USA TODAY International Edition
Golfers pay millions and gain close contact with president
Members include dozens of lobbyists and federal contractors
Dozens of lobbyists, contractors and others who make their living influencing the government pay President Trump’s companies for membership in his private golf clubs, a status that can put them in close contact with the president, a USA TODAY investigation found.
Members of the four clubs Trump has visited as president — in Florida, New Jersey and Virginia — include at least 50 executives whose companies hold federal contracts and 21 lobbyists and trade group officials. Twothirds played on one of the 58 days the president was there, according to scores they posted online.
Because membership lists at Trump’s clubs are secret, the public has until now been unable to assess the conflicts they could create. USA TODAY found the names of 4,500 members by reviewing social media and a public website golfers use to track their handicaps, then researched and contacted hundreds to determine whether they had business with the government.
The review shows that, for the first time in U.S. history, wealthy people with interests before the government have a chance for close and confidential access to the president as a result of payments that enrich him personally. It is a view of the president available to few other Americans.
Among Trump club members are top executives of defense contractors, a lobbyist for the South Korean government, a lawyer helping Saudi Arabia fight claims over the Sept. 11 terrorist attacks
and the leader of a pesticide trade group that persuaded the Trump administration not to ban an insecticide government scientists linked to health risks.
Members of Trump’s clubs pay initiation fees that can exceed $100,000, plus thousands more in annual dues to his companies, held in a trust for his benefit.
The arrangement is legal, and members said they did not use the clubs to discuss government business. Nonetheless, ethics experts questioned whether it’s appropriate for a sitting president to collect money from lobbyists and others who spend their days trying to shape federal policy or win government business.
“I think we’re all in new territory,” said Walter Shaub, who recently resigned as director of the Office of Government Ethics after repeated clashes with the White House. “We never thought we’d see anyone push the outer limits in this way.”
Citing privacy and national security, the White House has moved to keep secret the president’s interactions. Unlike the Obama administration, the Trump White House does not disclose the president’s golf partners, or whether he played. The Trump team also ended an Obama administration practice of releasing White House visitor logs.

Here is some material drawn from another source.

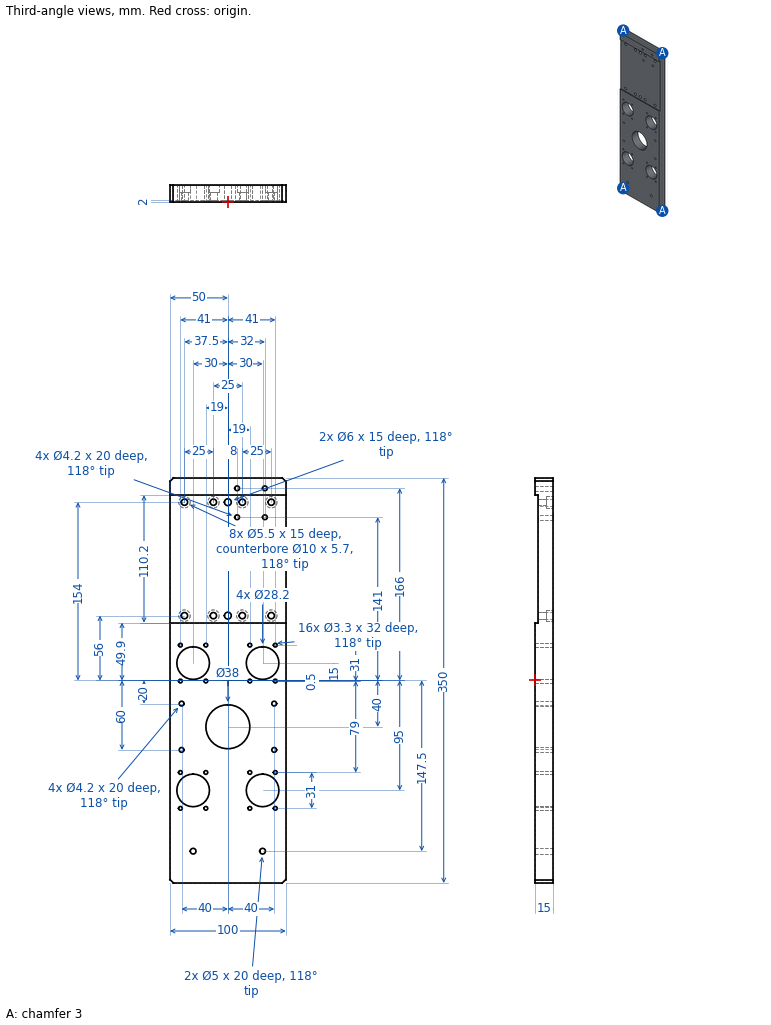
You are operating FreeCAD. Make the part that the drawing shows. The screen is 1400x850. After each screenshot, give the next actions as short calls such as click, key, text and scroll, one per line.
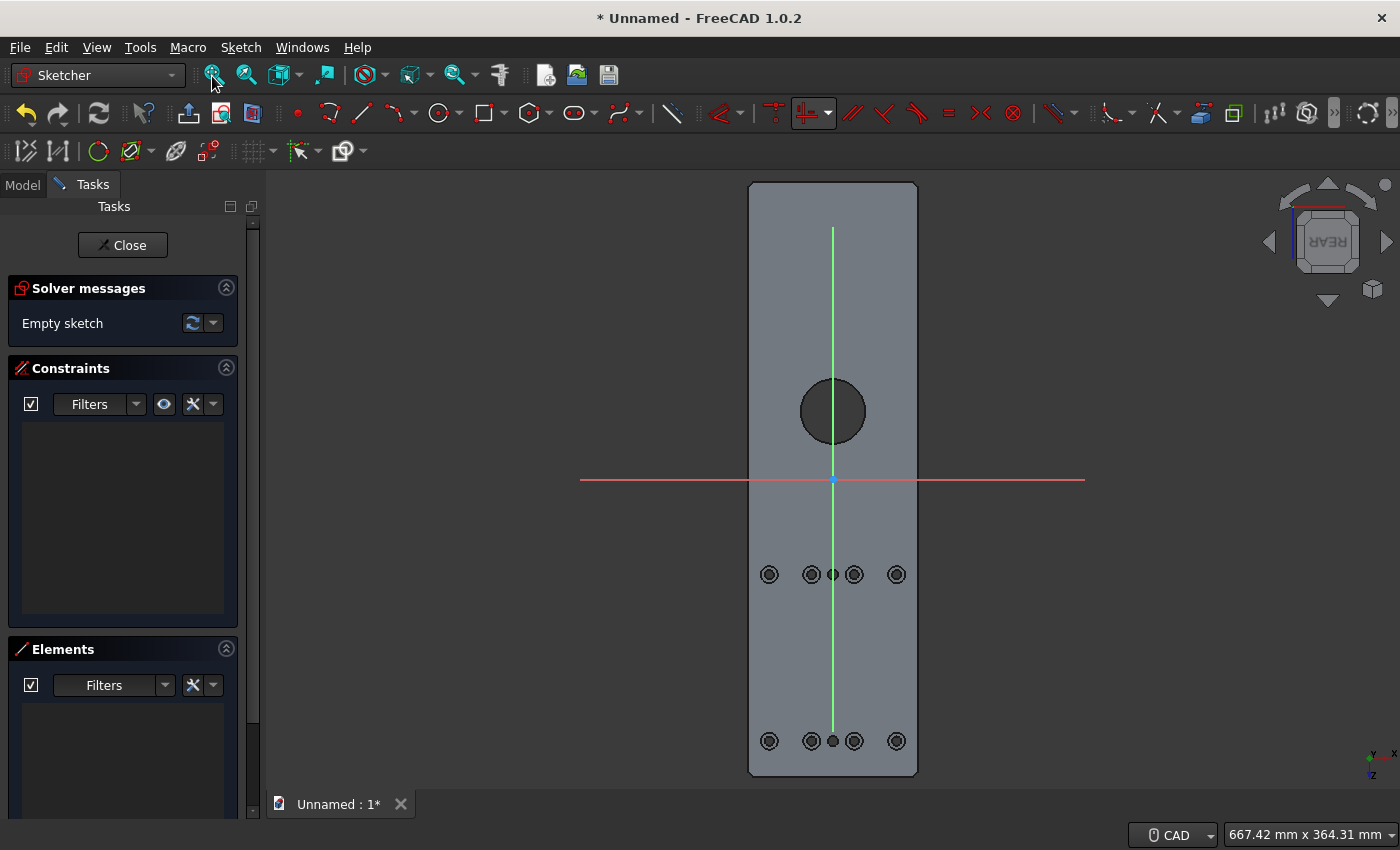
scroll(916, 329, up, 3)

In July, a federal court ordered the government to release visitor records from Trump’s Mar-a-Lago resort in Palm Beach, Fla., to a watchdog group. The deadline is Friday.

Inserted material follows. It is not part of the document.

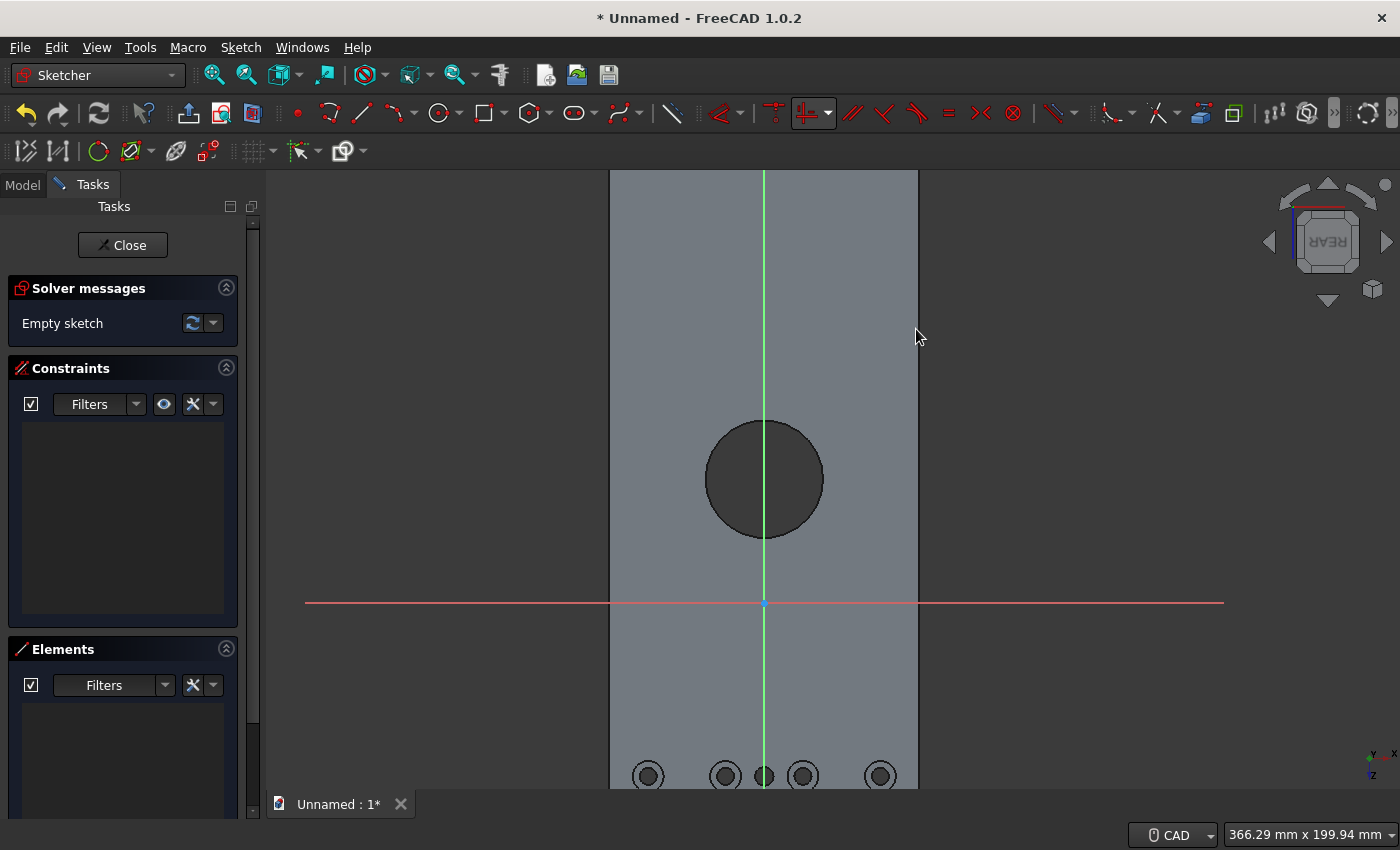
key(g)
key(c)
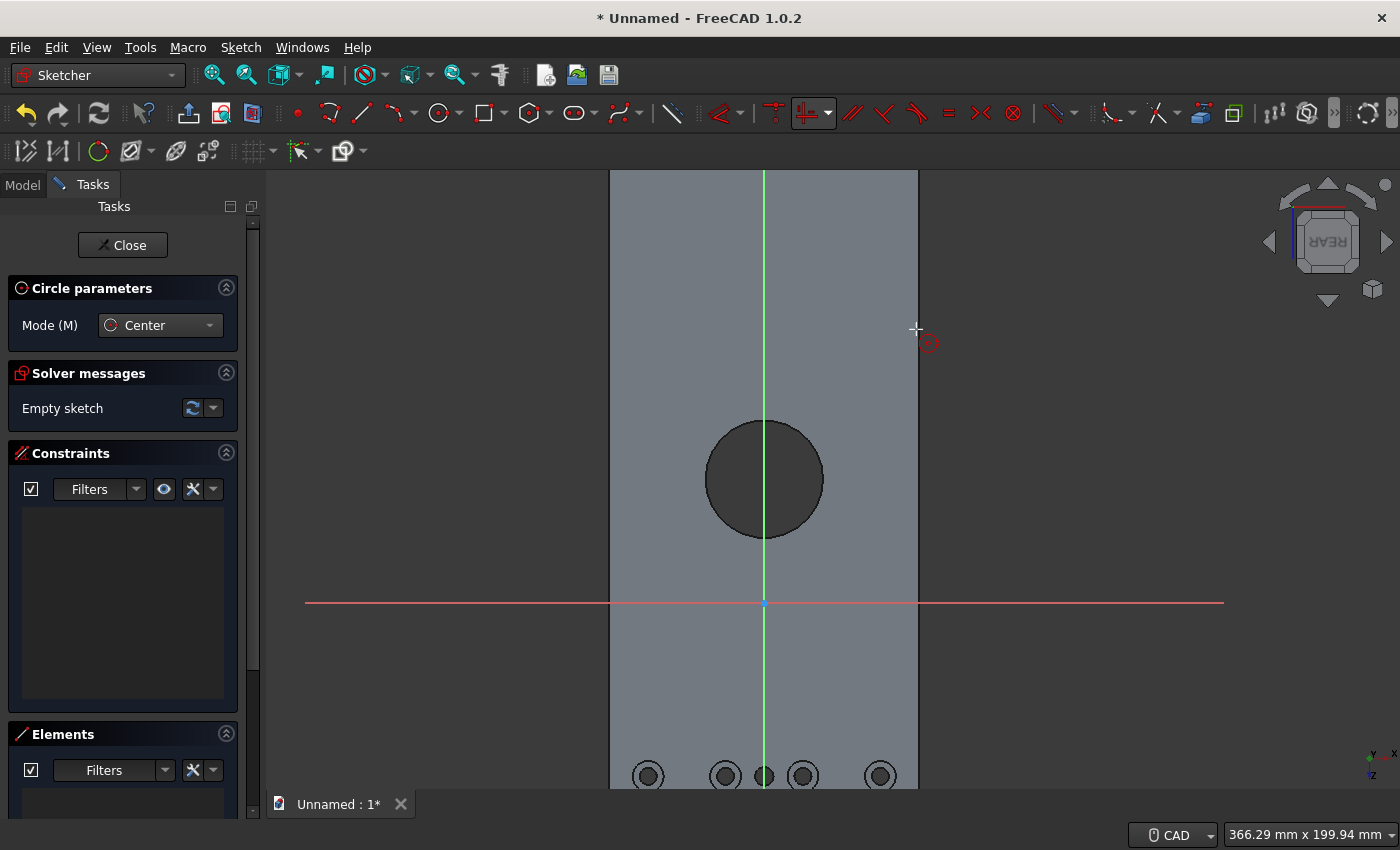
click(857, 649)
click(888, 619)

Trump’s U.S. golf clubs are among the most lucrative outposts in his empire, bringing in about $600 million in 2015 and 2016, according to his financial disclosure reports.
Some members find themselves in close proximity to a president who has visited his golf clubs on about a quarter of the days that he has been in office. Many describe Trump as surprisingly approachable, welcoming advice on everything from the state of the tee boxes to the course of his administration.

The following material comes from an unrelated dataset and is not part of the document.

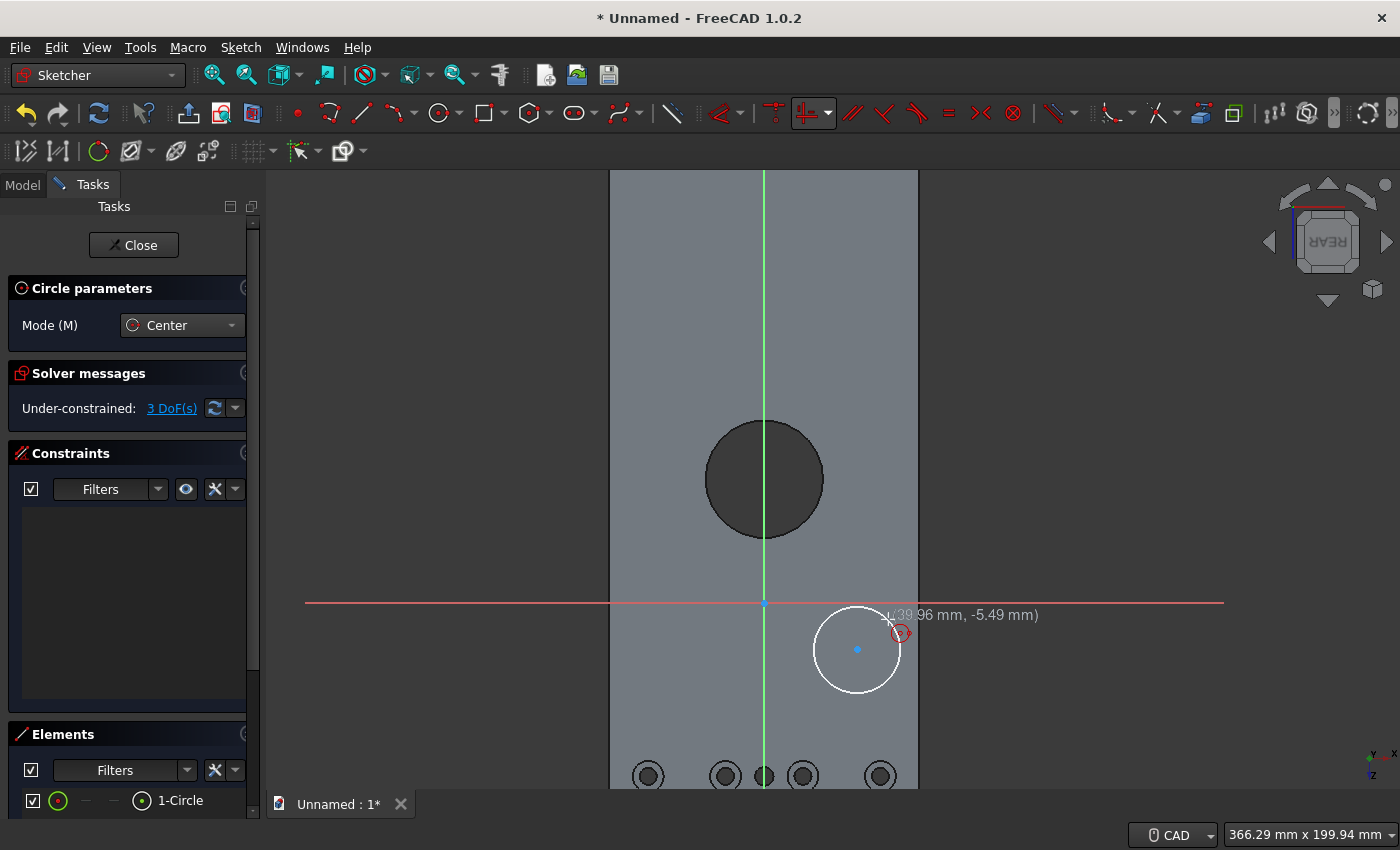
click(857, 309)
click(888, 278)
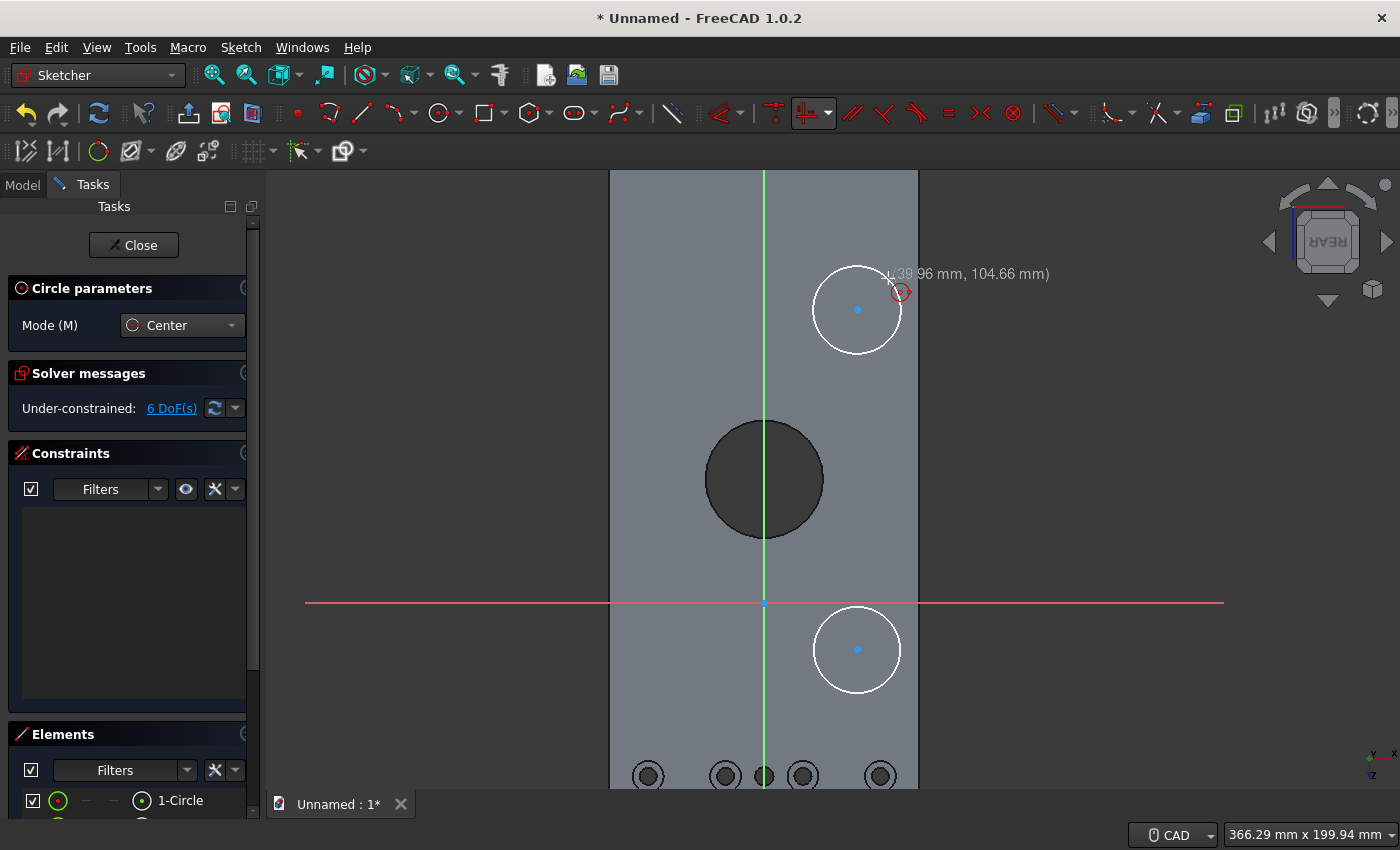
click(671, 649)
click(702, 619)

In April, Trump marked his 100th day in office at a factory owned by a company run by a member of his New Jersey golf club. Standing behind Trump as he signed two executive orders was Robert Mehmel, president of the company that owns the Ames factory in Harrisburg, Pa., and another company that sells radars and electronics to the military, including about $54 million worth of contracts last year.
Like millions of golfers, Mehmel registered his handicap on a public U.S. Golf Association website that golfers use to track their handicaps and check the scores of other players. The site requires golfers to sign up through a club and lists when and where they played. Only members are allowed to associate their handicaps with Trump’s clubs, said Kyle Littlefield, a pro at Trump National Golf Club-Bedminster.
Mehmel registered his handicap there. He posted scores from seven rounds of golf at the club this year. Five were days in May, June and August when Trump was visiting. Mehmel did not respond to phone calls or emails.
The White House and Trump’s companies did not respond to questions about members’ access to the president.
At the clubs Trump visits most often, the list of members reflects a cross-section of wealthy suburbanites: executives, investment bankers, real estate agents, doctors and their families.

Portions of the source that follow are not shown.